The target implementation, channel::RamChannel can be used as is. The host implementation needs io::Reader and io::Writer implementations.

airfrog::airfrog_bin::firmare contains an SWD implementation of io::Reader and io::Writer for ESP32-C3, and uses channel::ReaderWriterChannel, allowing it to communicate using these channels with an SWD target.

Getting Started

The target must reserved dedicated SRAM regions for each channel.

The host (debug controller) must know the addresses of these regions and reads/writes them over the debug interface.

If you wish the host to dynamically learn the addresses/sizes of these regions you must implement this separately - for example, include pointers at well know SRAM or flash locations on the target pointeing to these regions. Alternatively, you could arrange for the locations and sizes to be fixed by the target's linker script.

Each communication channel consists of a control block, and data area. The control block is used by the protocol to ensure reliable message passing. The data area is where the actual command or response payload is stored.

Target setup:

  1. Reserve SRAM region(s) e.g. 1KB each for each channel
  2. Create a channel::RamChannelIo instance for each required channel
  3. Create a channel::RamChannel instance for each channel
  4. Poll [channel::RamChannel::data_available()] for your consumer channel, in your main loop or dedicated task
  5. When data arrives, process it, and optionally send responses on alternate channel
  6. Data format is application-specific and currently either bytes or u32s

Host setup:

  1. Configure channel locations, or dynamically read from the target using well-known locations for pointers to the channel locations/sizes
  2. Create a channel::ReaderWriterChannelIo instance with your debug interface reader/writer implementation (see airfrog::airfrog_bin::firmware for an SWD implementation)
  3. Create a channel::ReaderWriterChannel instance for your channel.
  4. Send data with [channel::ReaderWriterChannel::publish_bytes()].
  5. Before using a different channel you will likely need to ensure the previous channel is dropped, to free up the Io instance to be mutably borrowed by your new channel.

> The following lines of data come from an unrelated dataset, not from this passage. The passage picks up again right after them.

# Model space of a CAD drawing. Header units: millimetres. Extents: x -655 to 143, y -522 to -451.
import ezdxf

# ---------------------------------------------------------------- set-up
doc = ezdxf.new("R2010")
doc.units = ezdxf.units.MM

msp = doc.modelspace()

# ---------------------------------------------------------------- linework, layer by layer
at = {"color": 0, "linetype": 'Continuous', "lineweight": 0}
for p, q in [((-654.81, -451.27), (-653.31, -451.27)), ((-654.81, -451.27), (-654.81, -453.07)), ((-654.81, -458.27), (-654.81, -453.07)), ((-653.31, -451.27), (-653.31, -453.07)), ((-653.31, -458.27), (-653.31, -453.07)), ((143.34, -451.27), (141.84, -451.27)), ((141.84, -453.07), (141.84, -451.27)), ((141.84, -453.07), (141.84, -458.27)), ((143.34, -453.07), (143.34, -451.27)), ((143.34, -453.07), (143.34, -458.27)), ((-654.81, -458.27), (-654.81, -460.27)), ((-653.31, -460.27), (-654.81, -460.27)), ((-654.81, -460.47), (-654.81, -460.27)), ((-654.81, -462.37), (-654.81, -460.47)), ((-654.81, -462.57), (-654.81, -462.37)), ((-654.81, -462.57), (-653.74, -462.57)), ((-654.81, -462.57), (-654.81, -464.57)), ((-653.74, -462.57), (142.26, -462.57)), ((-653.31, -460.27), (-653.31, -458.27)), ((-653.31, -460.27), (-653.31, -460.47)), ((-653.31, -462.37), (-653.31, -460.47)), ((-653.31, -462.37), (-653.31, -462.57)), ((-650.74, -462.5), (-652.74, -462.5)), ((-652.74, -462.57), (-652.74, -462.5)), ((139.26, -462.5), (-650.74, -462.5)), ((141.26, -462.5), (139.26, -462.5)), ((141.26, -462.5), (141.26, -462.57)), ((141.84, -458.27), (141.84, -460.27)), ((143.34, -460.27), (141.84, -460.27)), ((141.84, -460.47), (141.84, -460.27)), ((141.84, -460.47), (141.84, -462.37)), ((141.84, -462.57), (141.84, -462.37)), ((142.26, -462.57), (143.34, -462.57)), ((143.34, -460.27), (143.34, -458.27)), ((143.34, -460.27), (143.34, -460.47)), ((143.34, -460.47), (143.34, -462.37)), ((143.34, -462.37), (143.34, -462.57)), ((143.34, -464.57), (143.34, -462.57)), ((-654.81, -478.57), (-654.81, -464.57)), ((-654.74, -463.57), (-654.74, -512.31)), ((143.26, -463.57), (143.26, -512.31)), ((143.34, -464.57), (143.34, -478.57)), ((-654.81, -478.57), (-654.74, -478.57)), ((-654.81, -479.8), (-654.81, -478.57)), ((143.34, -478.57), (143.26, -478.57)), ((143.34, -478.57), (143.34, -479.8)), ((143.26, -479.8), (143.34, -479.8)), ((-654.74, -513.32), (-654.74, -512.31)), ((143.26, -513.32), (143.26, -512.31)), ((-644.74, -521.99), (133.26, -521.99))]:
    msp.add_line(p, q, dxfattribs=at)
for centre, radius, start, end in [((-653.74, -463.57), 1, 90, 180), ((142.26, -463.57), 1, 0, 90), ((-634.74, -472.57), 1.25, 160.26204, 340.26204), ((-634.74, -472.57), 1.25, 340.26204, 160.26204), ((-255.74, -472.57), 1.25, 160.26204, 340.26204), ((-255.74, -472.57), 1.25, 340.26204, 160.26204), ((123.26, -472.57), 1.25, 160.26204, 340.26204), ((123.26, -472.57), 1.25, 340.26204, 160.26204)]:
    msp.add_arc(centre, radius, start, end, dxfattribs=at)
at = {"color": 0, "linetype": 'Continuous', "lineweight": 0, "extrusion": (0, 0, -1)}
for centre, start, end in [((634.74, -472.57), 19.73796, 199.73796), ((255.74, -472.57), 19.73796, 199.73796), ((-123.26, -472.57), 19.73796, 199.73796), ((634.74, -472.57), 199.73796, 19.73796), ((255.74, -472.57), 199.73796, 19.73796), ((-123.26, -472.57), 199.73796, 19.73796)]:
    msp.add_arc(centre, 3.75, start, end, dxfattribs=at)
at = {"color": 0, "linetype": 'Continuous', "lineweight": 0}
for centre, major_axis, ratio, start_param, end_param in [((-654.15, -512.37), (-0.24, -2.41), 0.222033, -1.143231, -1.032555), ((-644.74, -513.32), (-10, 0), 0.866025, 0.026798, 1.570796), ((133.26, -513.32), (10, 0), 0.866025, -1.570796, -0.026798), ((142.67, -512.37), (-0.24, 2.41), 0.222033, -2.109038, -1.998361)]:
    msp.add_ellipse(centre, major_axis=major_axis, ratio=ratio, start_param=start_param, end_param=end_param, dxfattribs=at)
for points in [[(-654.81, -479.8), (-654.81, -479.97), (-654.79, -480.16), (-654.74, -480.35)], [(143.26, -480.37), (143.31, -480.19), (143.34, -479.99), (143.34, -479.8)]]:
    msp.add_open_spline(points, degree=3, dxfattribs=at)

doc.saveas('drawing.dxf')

As implied a Channel is intended to be short-lived - create, use, drop. This allows temporary ownership of the Reader/Writer, which may be a shared hardware resource on the host. If this becomes tedious, create a wrapper to abstract away this creation/ destruction or use client::AsyncRpcClient which abstracts this lifecycle away, and provides a higher-level request() API, using a pair of channels (one command, the other response).

The RPC layer handles reliable delivery, but your application defines the actual command/response protocol and data formats.

While the above documentation describes the Host controlling the Target, it is possible to use the channel(s) in the reverse direction.

See individual module and struct documentation for usage examples.

Features

Default features:

  • async - Enable async channel implementations and traits (requires alloc), which is generally required by the Host, but not by the Target.

Compile with --no-default-features to disable unnecessary async support for a Target.